Copyright Week: Fair Use Is Not An 'Exception' But The Rule
from the it's-your-rights dept
Update: This post was modified to better explain the role of the three-steps test in both Berne and the TPP.
Today is day five of Copyright Week, where the focus is on fair use. Earlier today we already had Michael Petricone’s excellent post about the innovations and consumer benefits unleashed by the Betamax ruling, which hinged on the concept of fair use. Over at Wired, Automattic’s (the makers of WordPress) general counsel, Paul Sieminski, also has a great post talking about how much innovation is enabled by fair use and why companies should be fighting more to support their users’ fair use rights. Meanwhile, over at Public Knowledge, there’s a good discussion of how the flexibility of fair use is important in enabling it to respond to new innovations. These are all great ways of looking at the issue.
I wanted to focus on a different aspect of fair use, however, and that’s the unfortunate fact that it is often described (especially in official political discussions) as an “exception or limitation” to copyright. That implies, incorrectly, that copyright is “the normal state” and that fair use is something that can only be used in “exceptional” cases, where a political body has decided to carve out some small breathing space. But that’s wrong. Fair use is about the rights of the public to speak, to make use of content, to comment, to criticize and to express themselves.
These are fundamental rights of the public — not “exceptions or limitations.”
It is, instead, copyright that has always been an “exception and limitation” on the rights to free expression. We can (and should) discuss and debate the proper levels of copyright and its limitations on expression. But to frame things as if fair use is a minor “exception” is a subtle but dangerous twist of language that copyright maximalists have been employing for far too long.

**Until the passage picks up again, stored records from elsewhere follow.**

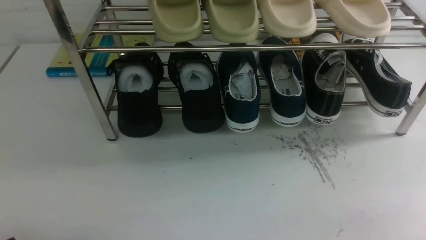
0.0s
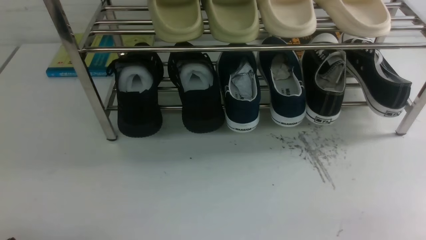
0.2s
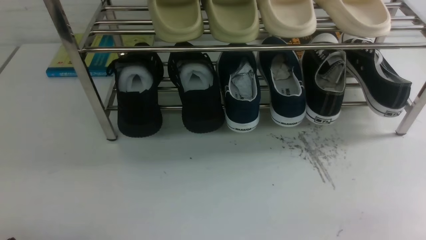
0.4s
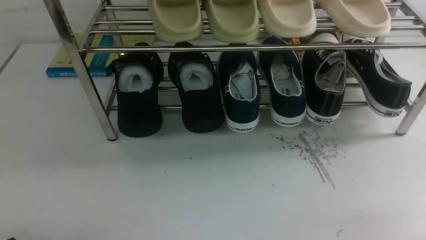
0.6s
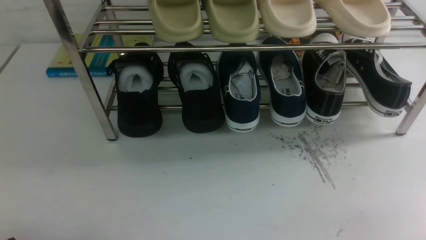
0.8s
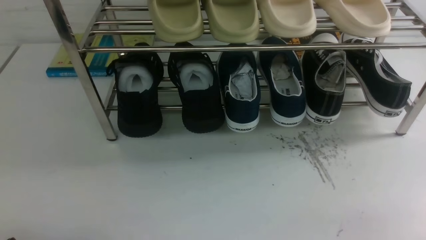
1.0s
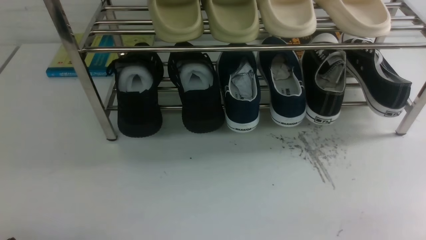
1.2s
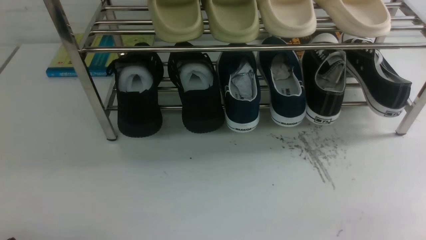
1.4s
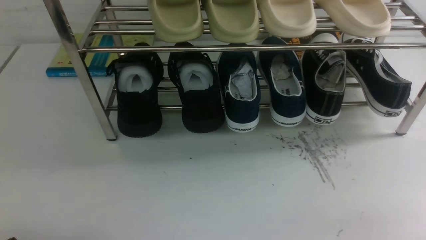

And it’s a public right that is under threat. While negotiators were (after decades of negotiating) able to work out a WIPO Treaty for the Blind last year, copyright maximalists fought hard against it, because they were convinced that any attempt to expand what they called “limitations and exceptions” would set a dangerous precedent. And, if you look at things like the Trans Pacific Partnership (TPP agreement), the USTR tried to take credit for it being the first time that it was willing to include “limitations and exceptions” in a trade agreement. That, on its face, is true (and it’s better than previous agreements, like ACTA, which ignored fair use and the public’s rights entirely), but the wording does not in fact establish any limitations or exceptions: it sets out parameters that curb what limitations and exceptions countries are allowed to offer. The wording is based on a three-factor standard that is actually more restrictive than current fair use laws in the US. The standard is clearly modelled after the Berne convention, to which the US is already a signatory despite several differences, such as fair use, between US copyright law and that treaty’s requirements. The TPP’s “exceptions” would only serve to solidify these inflexible fair use requirements that the US currently, mercifully, defies.
Pay close attention to this issue as we go through the copyright reform process. Fair use isn’t just some limitation or exception. It’s not just — as some have said — a “valve” on copyright restricting speech. It is, instead, core to the very concept of free speech. It is the public’s rights. Don’t let the language twisters try to frame the debate as one about “limitations and exceptions” because if that’s the debate, we’ve already lost. Fair use doesn’t just enable all kinds of important innovations — including much of the internet you use and love today. It represents a fundamental right of you to express yourself, and that right must not be taken away.